Il suo argomento “neo-contrattualista” è da decenni considerato il più solido e autorevole per opporsi alle diseguaglianze sociali nel rispetto della democrazia.
Ma c’è un altro modo “vero per definizione” di individuare la società ideale, basta pensare ai privilegiati della società reale e poi immaginare una società composta esclusivamente da loro. Una società dove tutti sono “privilegiati” è una società che rasenta la perfezione.
Poiché i teorici del privilegio maschile considerano i maschi come i soggetti privilegiati della nostra società, una società composta esclusivamente da loro come sarebbe?
Ebbene, dobbiamo capire cosa caratterizza il “maschio” per giungere ad una configurazione attendibile. Ebbene, una delle differenze tra i sessi più acclarate e con le maggiori ripercussioni nel vivere sociale è quella che riguarda la varianza nelle performance: in molti casi gli uomini primeggiano ma sono anche più presenti tra coloro che occupano l’ultimo rango.
Un mondo immaginario abitato solo da maschi ( ovvero da individui “privilegiati”) sarebbe probabilmente più ricco ma anche con più diseguaglianze, con più criminali, con più suicidi, con più barboni, eccetera.
Al contrario, il mondo abitato solo da donne ( ovvero da individui “penalizzati”) avrebbe probabilmente redditi pro-capite meno elevati ma anche livelli di povertà più contenuti.
Diciamo – tanto per rappresentarci meglio la situazione – che il mondo privilegiato dei maschi assomiglierebbe agli Stati Uniti mentre quello penalizzato delle femmine alla Svezia.Gli Stati Uniti sono più ricchi della Svezia ma anche più diseguali e caotici.
Chiunque vorrebbe nascere in un mondo di privilegiati piuttosto che in un mondo di penalizzati, è ovvio. Affermare che gli uomini hanno un privilegio significa sostanzialmente affermare che gli Stati Uniti sono meglio della Svezia.
Questa affermazione confligge in modo patente con le conclusioni del modello di John Rawls.
Infatti, è essenzialmente contraddittorio invidiare la condizione maschile, essenzialmente più soggetta ai rischi, e poi, dietro un velo d’ignoranza, optare per un mondo meno rischioso.
Personalmente, darei ancora una chance a John Rawls, per quanto questo autore non mi abbia mai convinto fino in fondo, e getterei dalla torre il concetto di “privilegio maschile”, che mi convince ancora meno.
Anche perché non faccio fatica a comprendere la genesi “perversa” di un concetto tanto problematico.
Chi frequenta il mondo delle élite tocca con mano ogni giorno quanto la presenza maschile sia sovrabbondante,ancora oggi dopo decenni di battaglie femministe.
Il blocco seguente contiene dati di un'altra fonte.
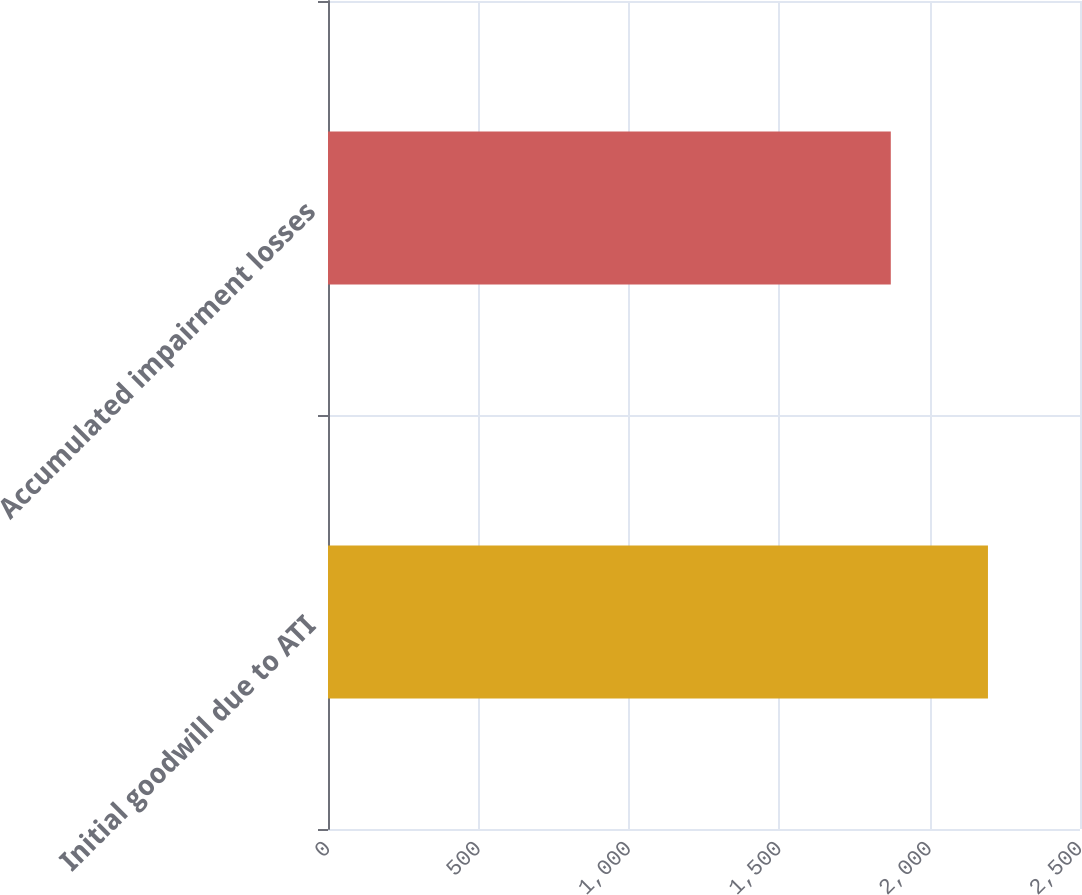<chart> <loc_0><loc_0><loc_500><loc_500><bar_chart><fcel>Initial goodwill due to ATI<fcel>Accumulated impairment losses<nl><fcel>2194<fcel>1871<nl></chart> 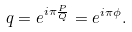Convert formula to latex. <formula><loc_0><loc_0><loc_500><loc_500>q = e ^ { i \pi \frac { P } { Q } } = e ^ { i \pi \phi } .</formula> 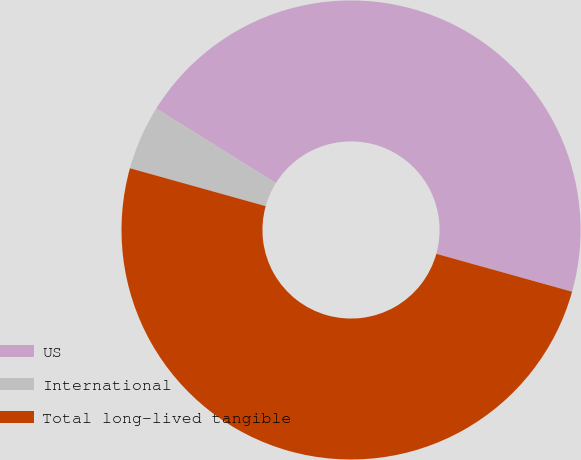<chart> <loc_0><loc_0><loc_500><loc_500><pie_chart><fcel>US<fcel>International<fcel>Total long-lived tangible<nl><fcel>45.46%<fcel>4.54%<fcel>50.0%<nl></chart> 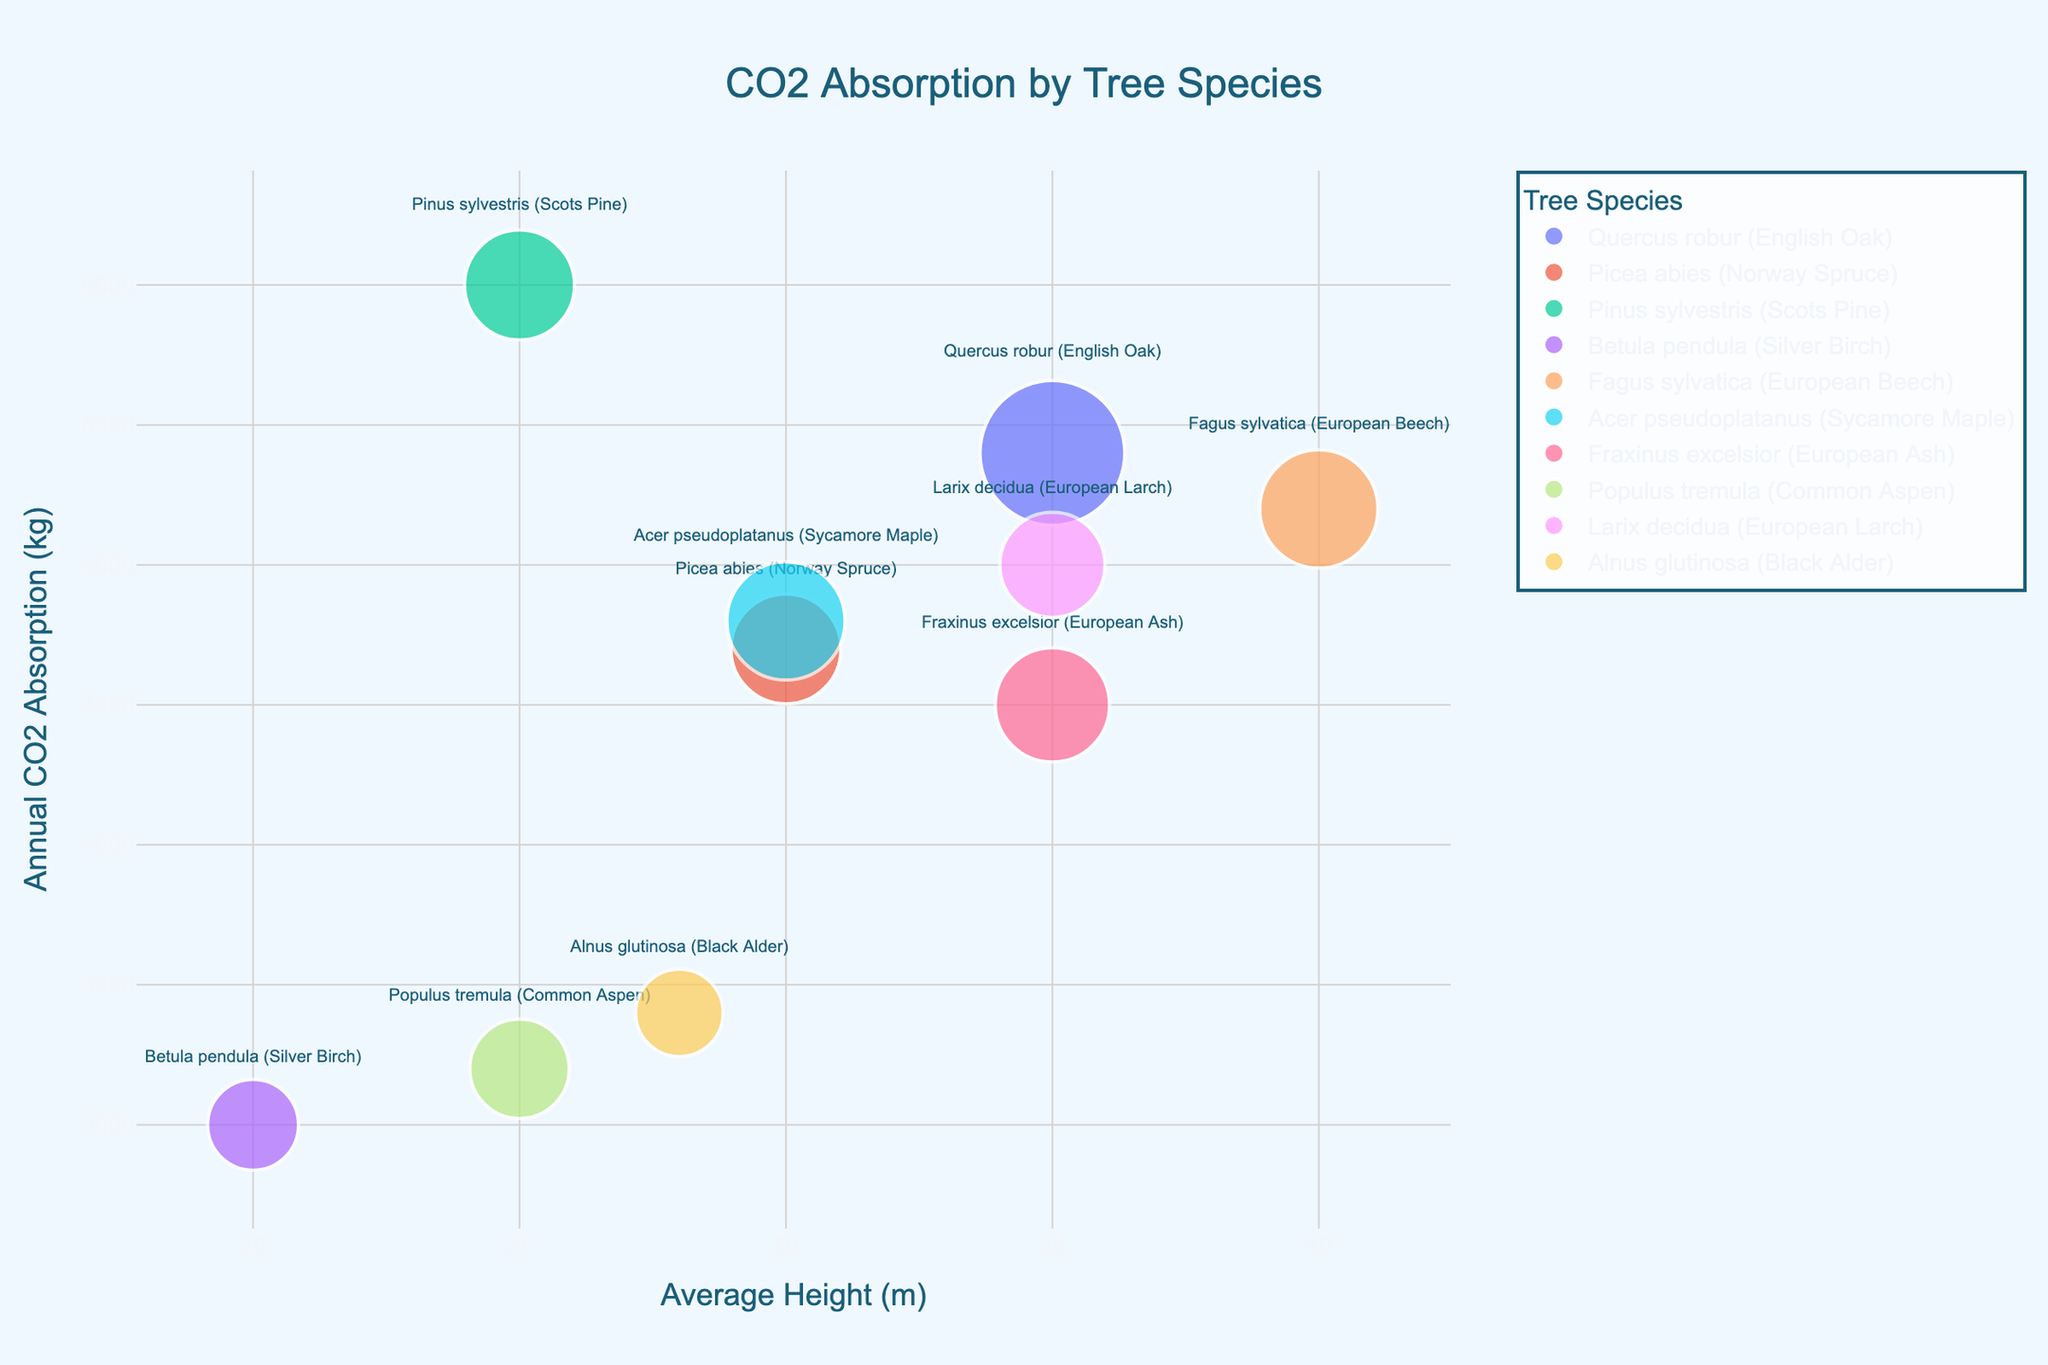What is the title of the figure? The title is prominently displayed at the top center of the figure. The figure's title helps viewers understand the content at a glance.
Answer: CO2 Absorption by Tree Species Which axis represents the average height of the tree species? The average height of the tree species is shown on the horizontal (x) axis. It helps viewers identify the average height values from left to right.
Answer: x-axis Which species has the highest annual CO2 absorption rate? To find this, look for the highest position on the vertical (y) axis. The tree species name is also displayed as text near each bubble.
Answer: Pinus sylvestris (Scots Pine) What is the average height of Quercus robur (English Oak)? Locate the bubble labeled "Quercus robur (English Oak)" and check its position on the x-axis, which represents the average height.
Answer: 35 meters Compare the CO2 absorption rate of Picea abies (Norway Spruce) and Pinus sylvestris (Scots Pine). Which absorbs more? Find the positions of both bubbles on the y-axis and compare their heights. The higher position represents a greater CO2 absorption rate.
Answer: Pinus sylvestris (Scots Pine) Which tree species has the longest lifespan? Bubble size encodes lifespan, so look for the largest bubble. Hover over or note the text annotation for the species name.
Answer: Quercus robur (English Oak) Which species has both an average height of 40 meters and high CO2 absorption rate? First, identify the bubble around the 40-meter mark on the x-axis, then check its y-position for a high CO2 absorption rate and read the species label.
Answer: Fagus sylvatica (European Beech) What is the approximate CO2 absorption rate difference between Betula pendula (Silver Birch) and Fraxinus excelsior (European Ash)? Identify the y-axis positions of both species' bubbles and subtract the lower value from the higher value. Betula pendula is at 3000 kg and Fraxinus excelsior is at 4500 kg.
Answer: 1500 kg How many tree species have an average height of exactly 35 meters? Verify the bubbles that line up vertically with the 35-meter mark on the x-axis and identify the count.
Answer: 3 species Which species has the smallest bubble? Does it correspond to the shortest or longest lifespan? Identify the smallest bubble in terms of size, then hover over it or note the label to find the lifespan value. The smallest bubble corresponds to Alnus glutinosa (Black Alder).
Answer: Alnus glutinosa (Black Alder) corresponds to the shortest lifespan 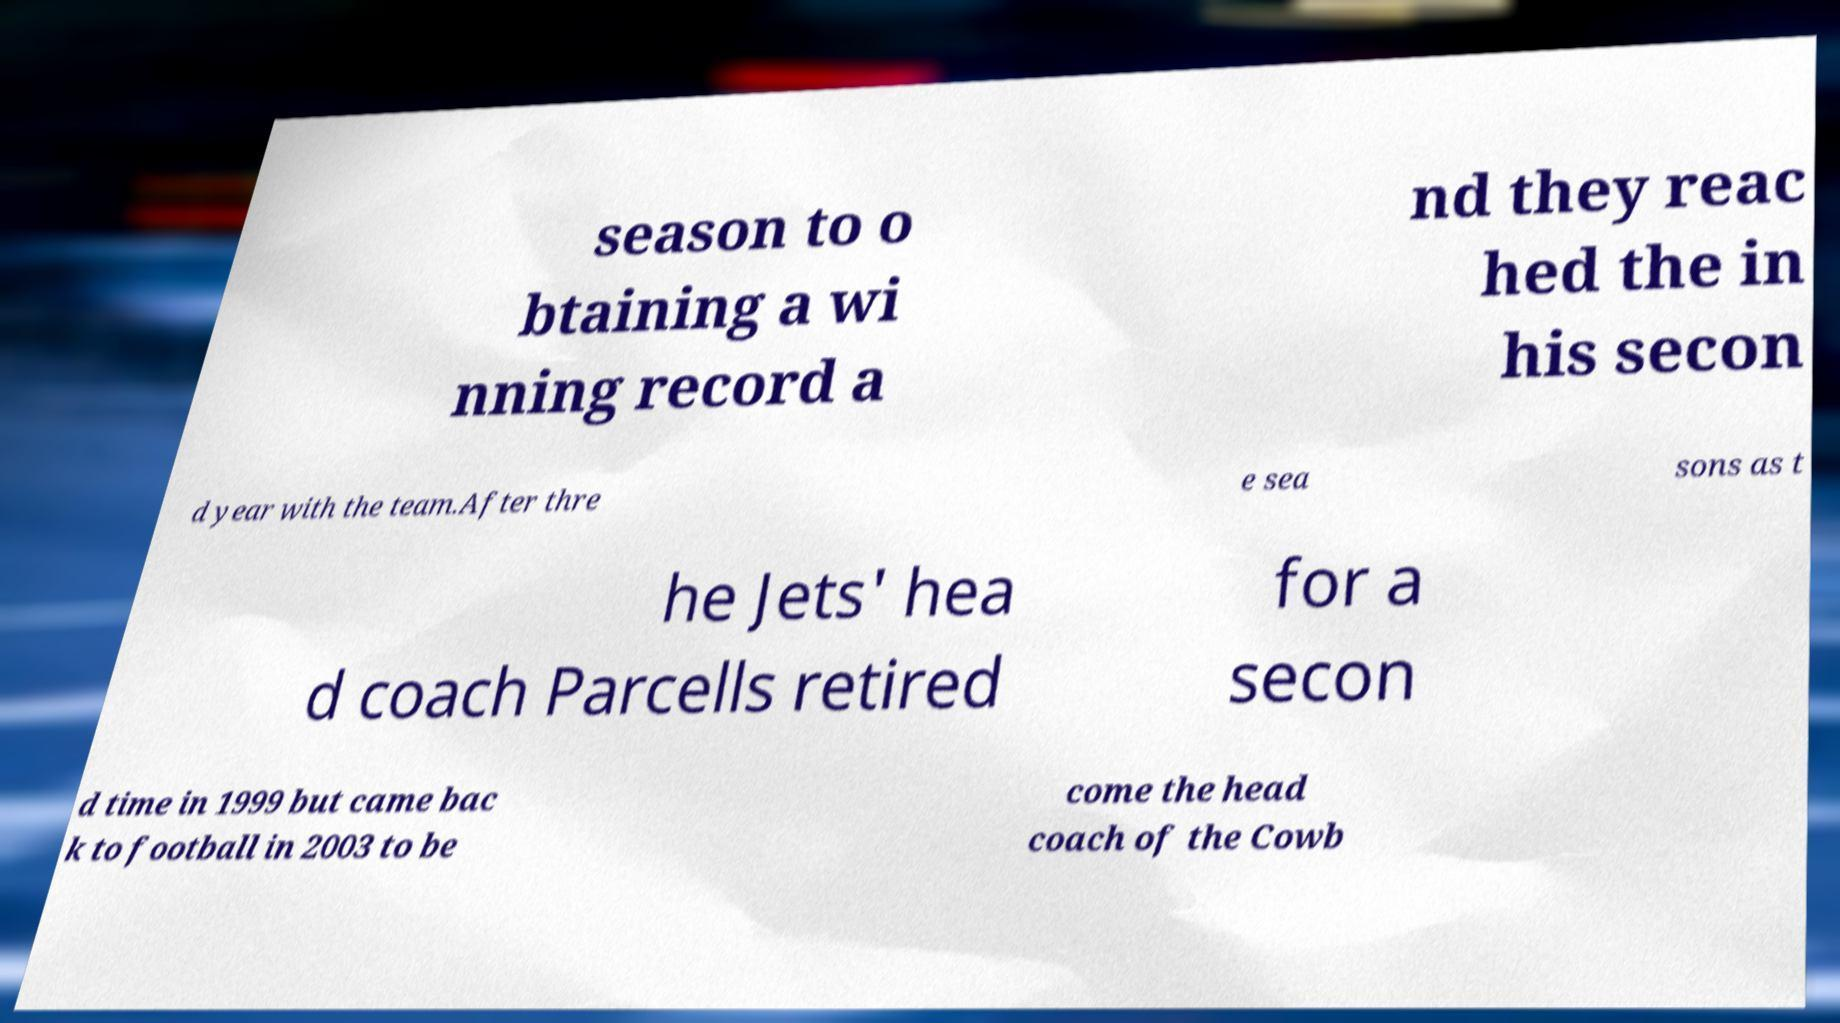Please read and relay the text visible in this image. What does it say? season to o btaining a wi nning record a nd they reac hed the in his secon d year with the team.After thre e sea sons as t he Jets' hea d coach Parcells retired for a secon d time in 1999 but came bac k to football in 2003 to be come the head coach of the Cowb 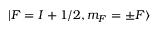Convert formula to latex. <formula><loc_0><loc_0><loc_500><loc_500>| F = I + 1 / 2 , m _ { F } = \pm F \rangle</formula> 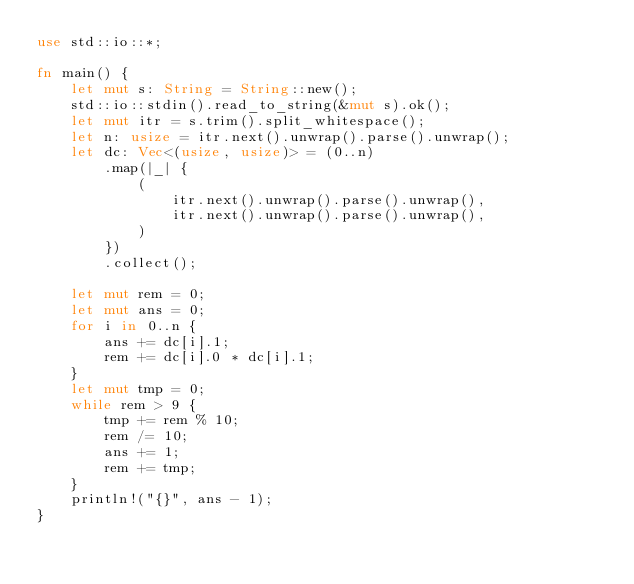Convert code to text. <code><loc_0><loc_0><loc_500><loc_500><_Rust_>use std::io::*;

La semplice constatazione di questo fatto avulso da tutto il resto ci porta a concludere che il maschio sia un privilegiato.
Se a concepire una teoria del privilegio fosse stato invece un appartenente alle classi subalterne, una volta constatata l’assenza di donne in quei gironi infernali avrebbe probabilmente parlato di “privilegio femminile”.
Naturalmente, il mestiere di “concepire teorie” tocca agli accademici: la loro notoria frequentazione delle élite e l’altrettanto noto distacco dal mondo degli ultimi li spinge inevitabilmente a parlare solo ed esclusivamente di “privilegio maschile”.